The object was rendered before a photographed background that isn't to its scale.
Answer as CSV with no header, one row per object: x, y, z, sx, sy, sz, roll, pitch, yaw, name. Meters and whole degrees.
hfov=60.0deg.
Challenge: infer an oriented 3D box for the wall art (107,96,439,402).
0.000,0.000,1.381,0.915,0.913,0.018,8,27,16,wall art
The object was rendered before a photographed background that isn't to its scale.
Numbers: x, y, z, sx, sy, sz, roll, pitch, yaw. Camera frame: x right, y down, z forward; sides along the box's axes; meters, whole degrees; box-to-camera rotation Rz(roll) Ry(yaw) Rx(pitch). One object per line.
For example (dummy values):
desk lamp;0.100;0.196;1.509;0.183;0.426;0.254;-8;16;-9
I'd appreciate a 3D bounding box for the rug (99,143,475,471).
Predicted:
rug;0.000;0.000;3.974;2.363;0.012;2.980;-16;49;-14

····················

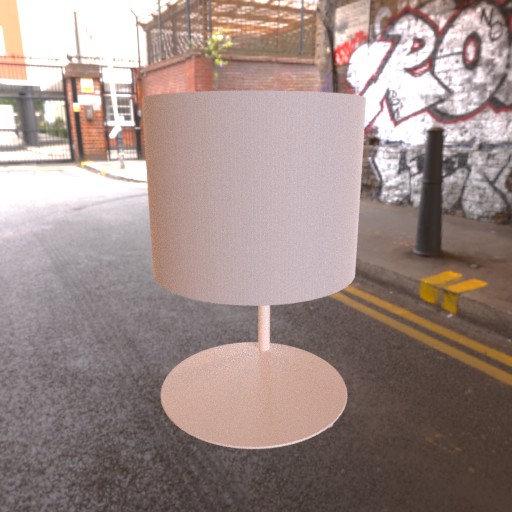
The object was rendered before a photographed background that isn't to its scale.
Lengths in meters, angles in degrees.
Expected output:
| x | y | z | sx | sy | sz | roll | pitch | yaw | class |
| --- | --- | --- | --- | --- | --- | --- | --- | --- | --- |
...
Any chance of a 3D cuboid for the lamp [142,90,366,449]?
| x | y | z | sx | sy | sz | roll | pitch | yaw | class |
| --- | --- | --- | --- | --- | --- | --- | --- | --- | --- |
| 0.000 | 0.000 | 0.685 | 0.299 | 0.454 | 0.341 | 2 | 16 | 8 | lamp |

····················

AIM OF THE EXERCISE ▸ The reply should consist solely of the lines above from the one that has "Challenge: infer an" through the one that has "I'd appreciate a", reproduced exactly.

PROBLEM SOLUTION ▸
Challenge: infer an oriented 3D box for the wall art (107,96,439,402).
0.000,0.000,1.381,0.915,0.913,0.018,8,27,16,wall art
The object was rendered before a photographed background that isn't to its scale.
Numbers: x, y, z, sx, sy, sz, roll, pitch, yaw. Camera frame: x right, y down, z forward; sides along the box's axes; meters, whole degrees; box-to-camera rotation Rz(roll) Ry(yaw) Rx(pitch). One object per line.
For example (dummy values):
desk lamp;0.100;0.196;1.509;0.183;0.426;0.254;-8;16;-9
I'd appreciate a 3D bounding box for the rug (99,143,475,471).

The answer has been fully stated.